Donor milk samples (preterm infants; 24–35 weeks gestational age) were analyzed with our flow cytometric array (1A). A) Bar graph showing the concentration of IgA purified from donor milk samples from mothers of term and preterm infants (ELISA). B) Heat map of normalized anti-bacterial binding affinity of different preterm donors. (Spearman). Samples where no data was collected due to insufficient bacteria in the well are colored grey. C) Scatter graph showing the normalized anti-bacterial IgA binding values for each preterm donor (each color represents a different donor). D) Principal Component Analysis (PCA) comparing aggregate anti-bacterial IgA binding between preterm and term samples.

Figure 4 –. Temporal stability of anti-bacterial maternal IgA reactivity within one childbirth/infant.

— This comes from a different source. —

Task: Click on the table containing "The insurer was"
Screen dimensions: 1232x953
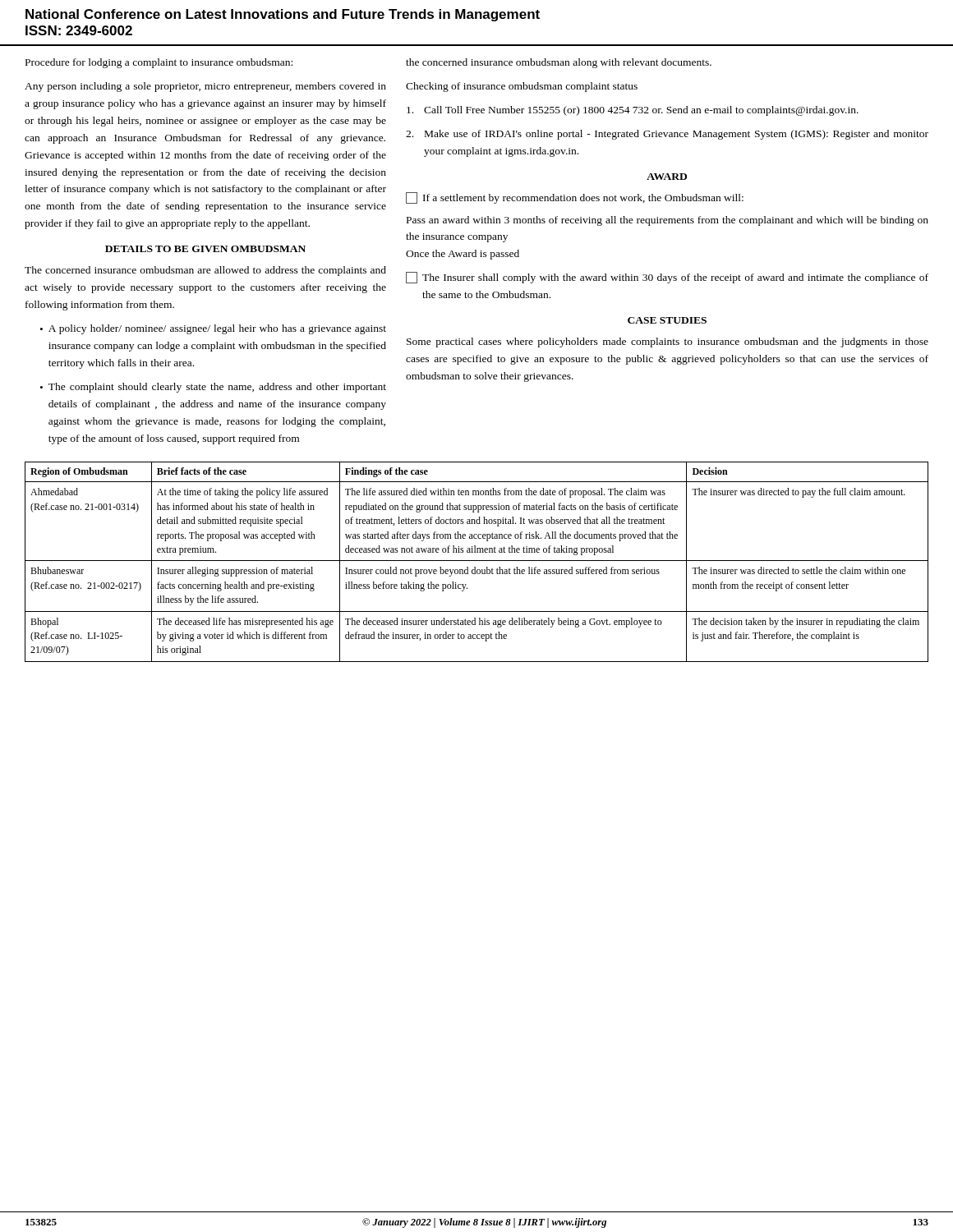Action: (476, 562)

Multiple milk samples were collected from different donors over time and analyzed with our flow cytometric array (1A). A) Heat map of normalized anti-bacterial binding affinity of different donors. Hierarchical clustering (Spearman) of various donors is indicated by colored bars above and below the heatmap. Date of collection indicated on heatmap: D##, where the number is days post-delivery) B) Scatter graph showing the normalized anti-bacterial IgA binding values for each sample from longitudinally collected donors (each color represents a different donor; from 4A). C-D) PCA of the aggregate anti-bacterial IgA binding of longitudinally collected samples. Each donor colored as in 4A. C) PCA of individual longitudinally collected samples where symbols indicate the time of collection (week post delivery). D) PCA from C where ellipses indicate the maximum variance for each donor cluster along each axis. No ellipses are drawn for samples where fewer than four samples were available.

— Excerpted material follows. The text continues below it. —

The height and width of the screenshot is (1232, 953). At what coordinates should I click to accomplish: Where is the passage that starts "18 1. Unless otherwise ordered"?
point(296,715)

Figure 5 –. Stability of the breast milk-derived anti-bacterial IgA reactivity through sibling infants.

Breast milk samples were collected from consecutive siblings and analyzed with our flow cytometric array (1A). A) Heat map of normalized anti-bacterial binding affinity of different donors. Hierarchical clustering (Spearman) of various donors is indicated by colored bars above and below the heatmap that correspond to each donor. B) PCA of aggregate anti-bacterial samples where each donor is displayed in a different color (from 5A). The first sibling is indicated by a circle and the second sibling a triangle. Samples colored as in 5A. C) Paired Student’s t-tests were calculated comparing the IgA binding of each donor between infant one and infant two for each bacterial taxon. The mean change ((Infant 2 – Infant 1; taxa 1) + (Infant 2 – Infant 1; taxa x))/37 (#of taxa) for each paired test was calculated and graphed. Significant increase in 2^nd infant = ‘up’ triangle; significant decrease in 2^nd infant = ‘down’ triangle; no statistical significance = circle. Colors are according to 5A. See Supplemental Figure 3 for each Paired Student’s t test.

Figure 6 –. Holder pasteurization reduces the bacterial binding properties of breast milk-derived IgA

Breast milk samples from four donors were split into two where one half was pasteurized (62.5°C for 30 minutes) while the other untreated as a control. IgA was then isolated from both halves and analyzed on our flow cytometric array (1A). A) Paired Student’s t-test (***p<0.001) of the IgA concentration (mg/mL) of control (blue) and pasteurized samples (red), as measured by ELISA . B) Paired Student’s t-tests comparing control (blue ) and Holder pasteurized (red) milk samples from the same donor. Each dot represents a different bacterial taxon. ****p<0.0001.